From Sunday’s liturgy at Christ City Church; May 29, 2022.
I am so tired of waiting.
Langston Hughes
Aren’t you,
for the world to become good
and beautiful and kind?
Let us take a knife
and cut the world in two—
and see what worms are eating
at the rind.
When hard things happen, when suffering shows up, when loss lingers, when we wrestle with gun violence (again) and white supremacy (again) (and again and again and again), what do we do? We have so many options now. We can rage. We can doom scroll. We can numb. We can distract ourselves. What do you do?
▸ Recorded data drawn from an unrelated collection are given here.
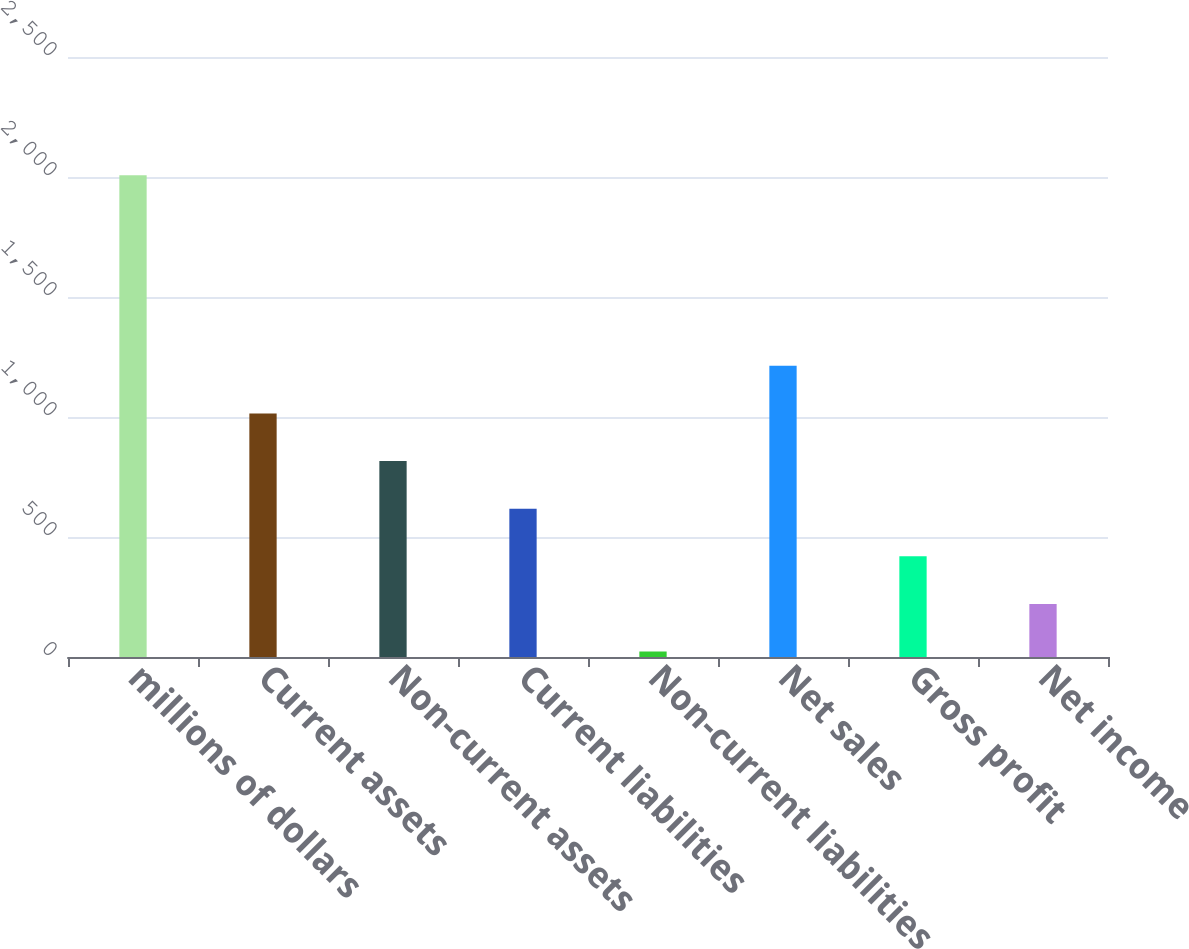<chart> <loc_0><loc_0><loc_500><loc_500><bar_chart><fcel>millions of dollars<fcel>Current assets<fcel>Non-current assets<fcel>Current liabilities<fcel>Non-current liabilities<fcel>Net sales<fcel>Gross profit<fcel>Net income<nl><fcel>2007<fcel>1014.95<fcel>816.54<fcel>618.13<fcel>22.9<fcel>1213.36<fcel>419.72<fcel>221.31<nl></chart> 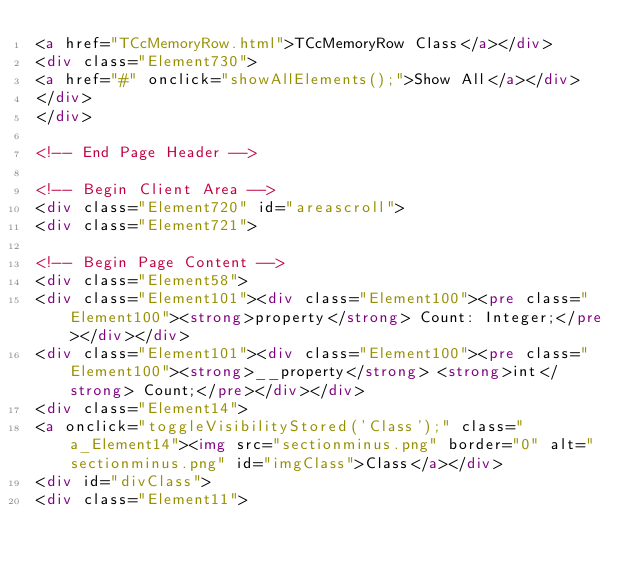Convert code to text. <code><loc_0><loc_0><loc_500><loc_500><_HTML_><a href="TCcMemoryRow.html">TCcMemoryRow Class</a></div>
<div class="Element730">
<a href="#" onclick="showAllElements();">Show All</a></div>
</div>
</div>

<!-- End Page Header -->

<!-- Begin Client Area -->
<div class="Element720" id="areascroll">
<div class="Element721">

<!-- Begin Page Content -->
<div class="Element58">
<div class="Element101"><div class="Element100"><pre class="Element100"><strong>property</strong> Count: Integer;</pre></div></div>
<div class="Element101"><div class="Element100"><pre class="Element100"><strong>__property</strong> <strong>int</strong> Count;</pre></div></div>
<div class="Element14">
<a onclick="toggleVisibilityStored('Class');" class="a_Element14"><img src="sectionminus.png" border="0" alt="sectionminus.png" id="imgClass">Class</a></div>
<div id="divClass">
<div class="Element11"></code> 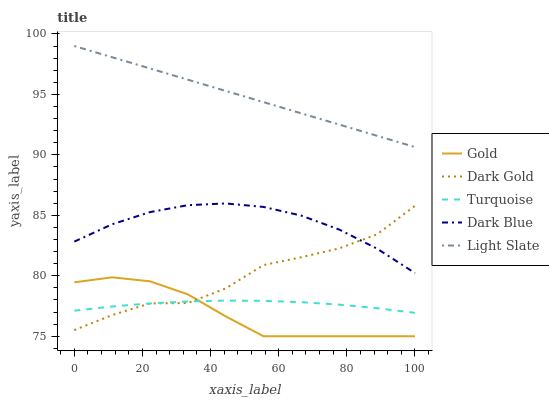Does Gold have the minimum area under the curve?
Answer yes or no. Yes. Does Light Slate have the maximum area under the curve?
Answer yes or no. Yes. Does Dark Blue have the minimum area under the curve?
Answer yes or no. No. Does Dark Blue have the maximum area under the curve?
Answer yes or no. No. Is Light Slate the smoothest?
Answer yes or no. Yes. Is Dark Gold the roughest?
Answer yes or no. Yes. Is Dark Blue the smoothest?
Answer yes or no. No. Is Dark Blue the roughest?
Answer yes or no. No. Does Gold have the lowest value?
Answer yes or no. Yes. Does Dark Blue have the lowest value?
Answer yes or no. No. Does Light Slate have the highest value?
Answer yes or no. Yes. Does Dark Blue have the highest value?
Answer yes or no. No. Is Turquoise less than Dark Blue?
Answer yes or no. Yes. Is Dark Blue greater than Turquoise?
Answer yes or no. Yes. Does Gold intersect Dark Gold?
Answer yes or no. Yes. Is Gold less than Dark Gold?
Answer yes or no. No. Is Gold greater than Dark Gold?
Answer yes or no. No. Does Turquoise intersect Dark Blue?
Answer yes or no. No. 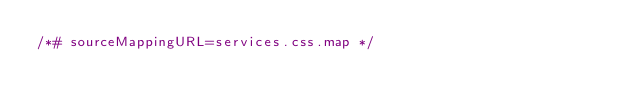<code> <loc_0><loc_0><loc_500><loc_500><_CSS_>/*# sourceMappingURL=services.css.map */
</code> 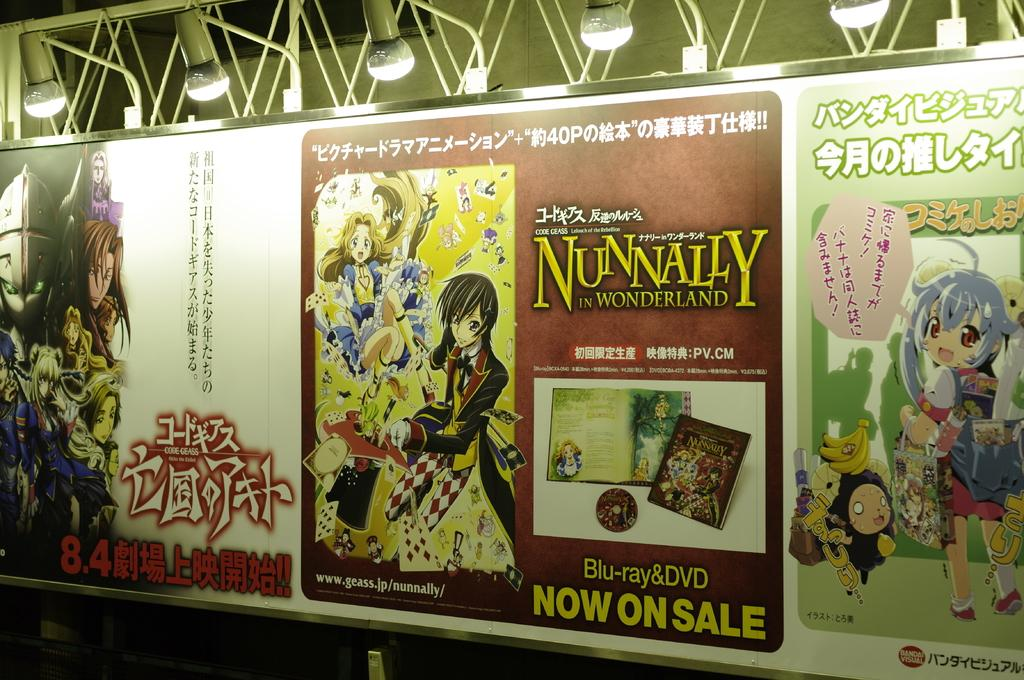<image>
Offer a succinct explanation of the picture presented. A blue ray advertisement for "NUNNALLY in WONDERLAND" is shown. 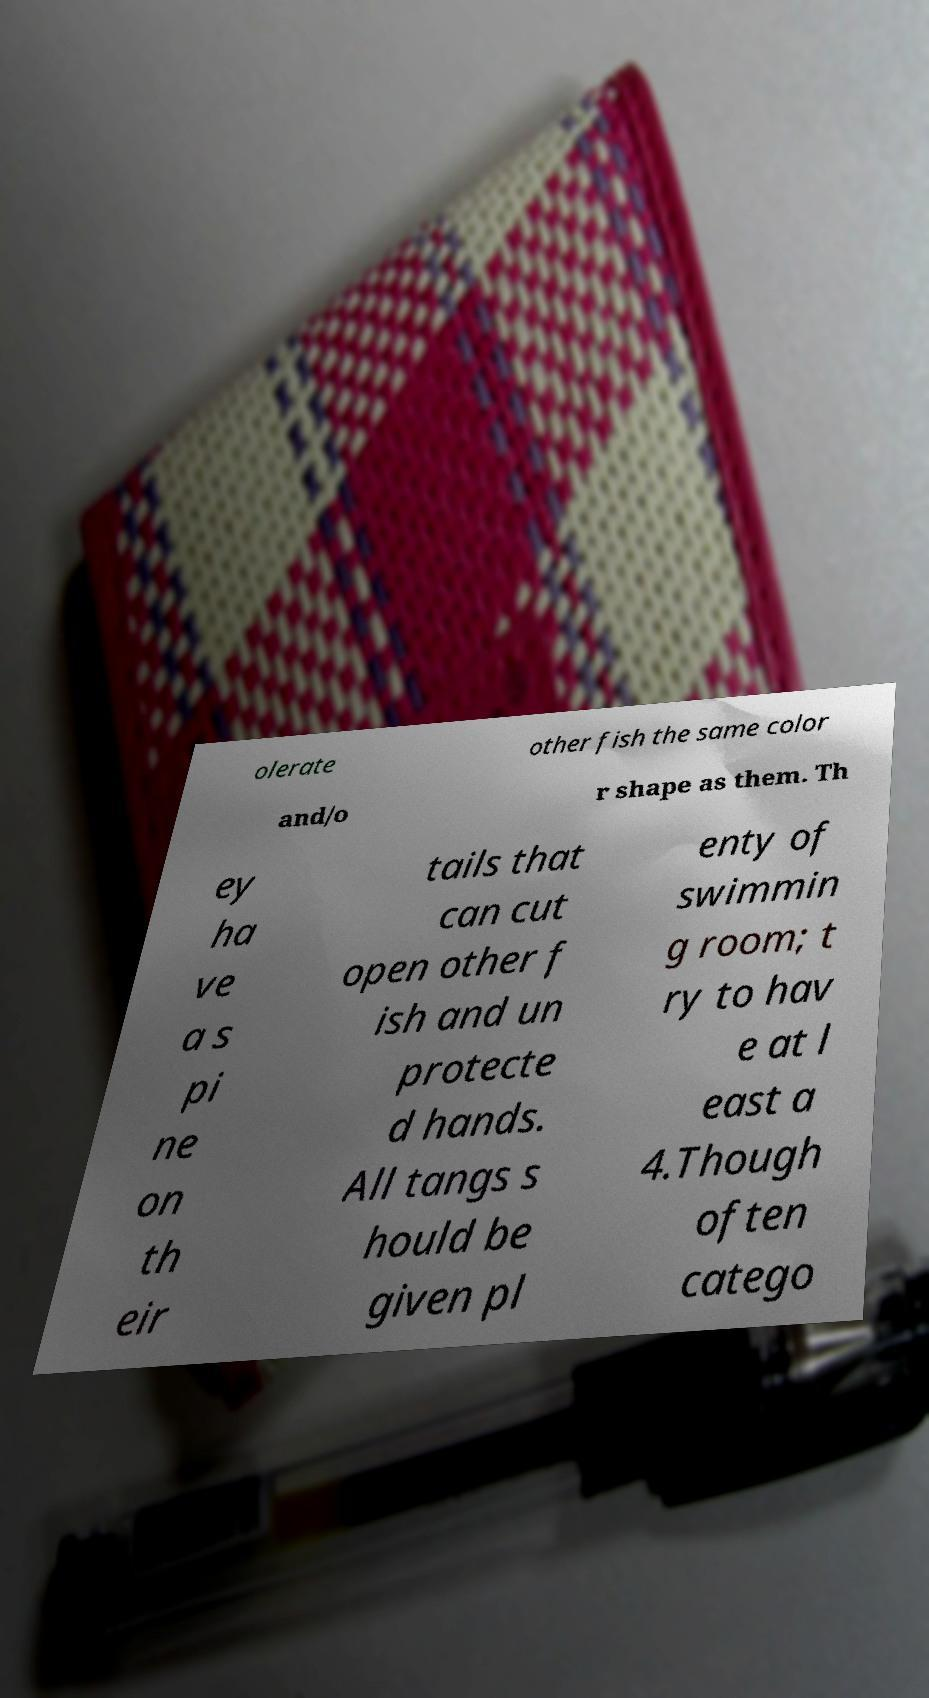I need the written content from this picture converted into text. Can you do that? olerate other fish the same color and/o r shape as them. Th ey ha ve a s pi ne on th eir tails that can cut open other f ish and un protecte d hands. All tangs s hould be given pl enty of swimmin g room; t ry to hav e at l east a 4.Though often catego 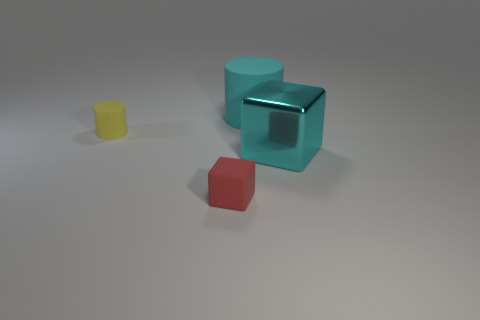Add 4 yellow cylinders. How many objects exist? 8 Subtract all cyan blocks. How many blocks are left? 1 Subtract all gray rubber cylinders. Subtract all small red blocks. How many objects are left? 3 Add 1 cyan shiny cubes. How many cyan shiny cubes are left? 2 Add 2 tiny red objects. How many tiny red objects exist? 3 Subtract 0 brown cylinders. How many objects are left? 4 Subtract all blue cylinders. Subtract all yellow balls. How many cylinders are left? 2

A healthy response modeled for us in the Bible is the practice of lament. Almost one third of the one hundred and fifty psalms we have are psalms of lament, but pastor and author Eugene Peterson notes that up to seventy percent of the psalms contain some lament. You may be familiar with some of them: Psalm 22—which begins, “My God, my God, why have you forsaken me?”, the words Jesus cried out from the cross; or Psalm 13—“How long, O Lord? Will you forget me forever?” There’s an entire book of the Bible called Lamentations, written by the prophet Jeremiah. The prophet Habakkuk begins his writings with words that may resonate with us:
God, how long do I have to cry out for help before you listen?
Habakkuk 1:2-4
How many times do I have to yell before you come to the rescue?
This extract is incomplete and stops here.